Placenta. 2012 Nov 1. pii: S0143-4004(12)00391-8. doi: 10.1016/j.placenta.2012.10.007. [Epub ahead of print]
The association of AGT2R polymorphisms with preeclampsia and uterine artery bilateral notching is modulated by maternal BMI.
Zhou A, Dekker GA, Lumbers ER, Lee SY, Thompson SD, McCowan LM, Roberts CT; On behalf of the SCOPE consortium.
SourceRobinson Institute, University of Adelaide, Adelaide, Australia.
INTRODUCTION:This study aimed to determine the association of AGT1R and AGT2R polymorphisms with preeclampsia and whether these are affected by environmental factors and fetal sex.
METHODS:Overall 3234 healthy nulliparous women, their partners and babies were recruited prospectively to the SCOPE study in Adelaide and Auckland. Data analyses were confined to 2121 Caucasian parent-infant trios, among whom 123 had preeclamptic pregnancies. 1185 uncomplicated pregnancies served as controls. DNA was extracted from buffy coats and genotyped by utilizing the Sequenom MassARRAY system. Doppler sonography on the uterine arteries was performed at 20 weeks' gestation.

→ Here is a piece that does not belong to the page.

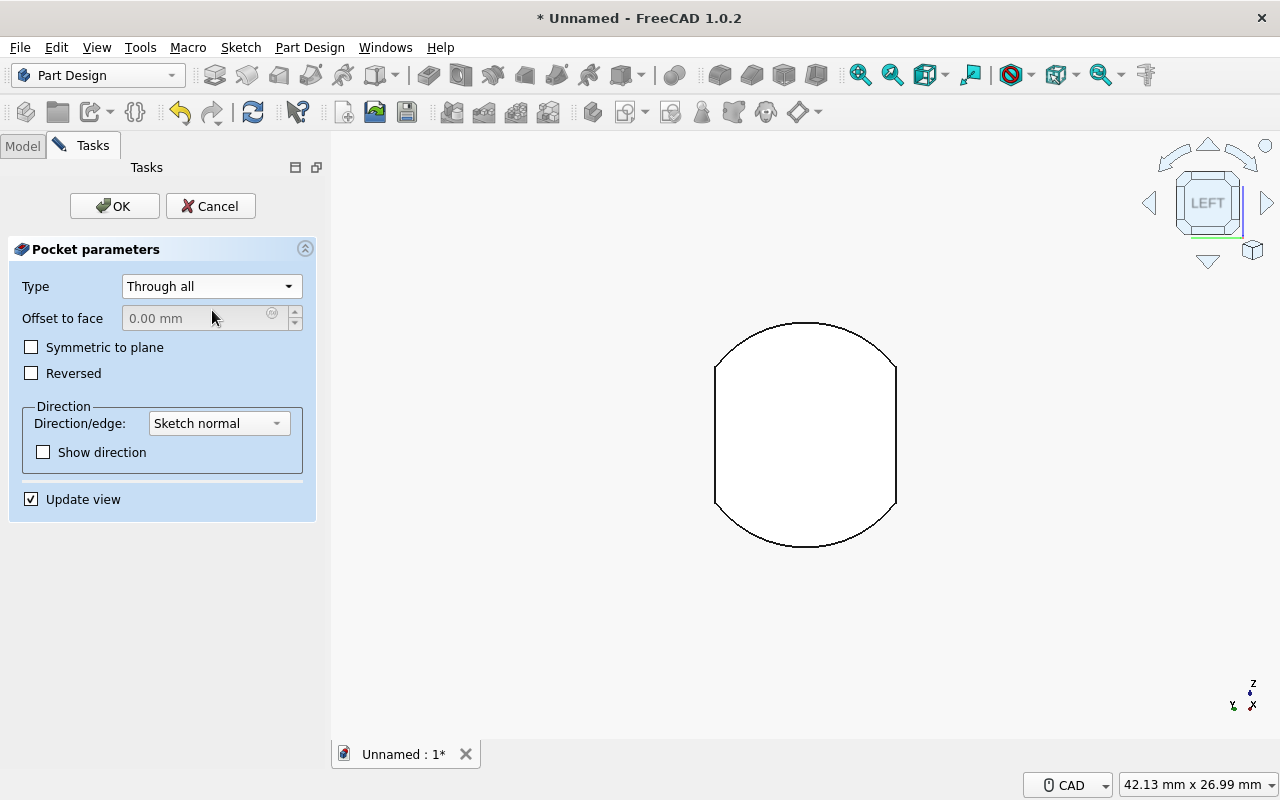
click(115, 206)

RESULTS:Four polymorphisms in AGT1R and AGT2R genes, including AGT1R A1166C, AGT2R C4599A, AGT2R A1675G and AGT2R T1134C, were selected and significant associations were predominately observed for AGT2R C4599A. When the cohort was stratified by maternal BMI, in women with BMI ≥ 25 kg/m(2), the AGT2R C4599A AA genotype in mothers and neonates was associated with an increased risk for preeclampsia compared with the CC genotype [adjusted OR 2.1 (95% CI 1.0-4.2) and adjusted OR 3.0 (95% CI 1.4-6.4), respectively]. In the same subset of women, paternal AGT2R C4599A A allele was associated with an increased risk for preeclampsia and uterine artery bilateral notching at 20 weeks' gestation compared with the C allele [adjusted OR 1.9 (95% CI 1.1-3.3) and adjusted OR 2.1 (95% CI 1.3-3.4), respectively].
CONCLUSION:AGT2R C4599A in mothers, fathers and babies was associated with preeclampsia and this association was only apparent in pregnancies in which the women had a BMI ≥ 25 kg/m(2), suggesting a gene-environment interaction.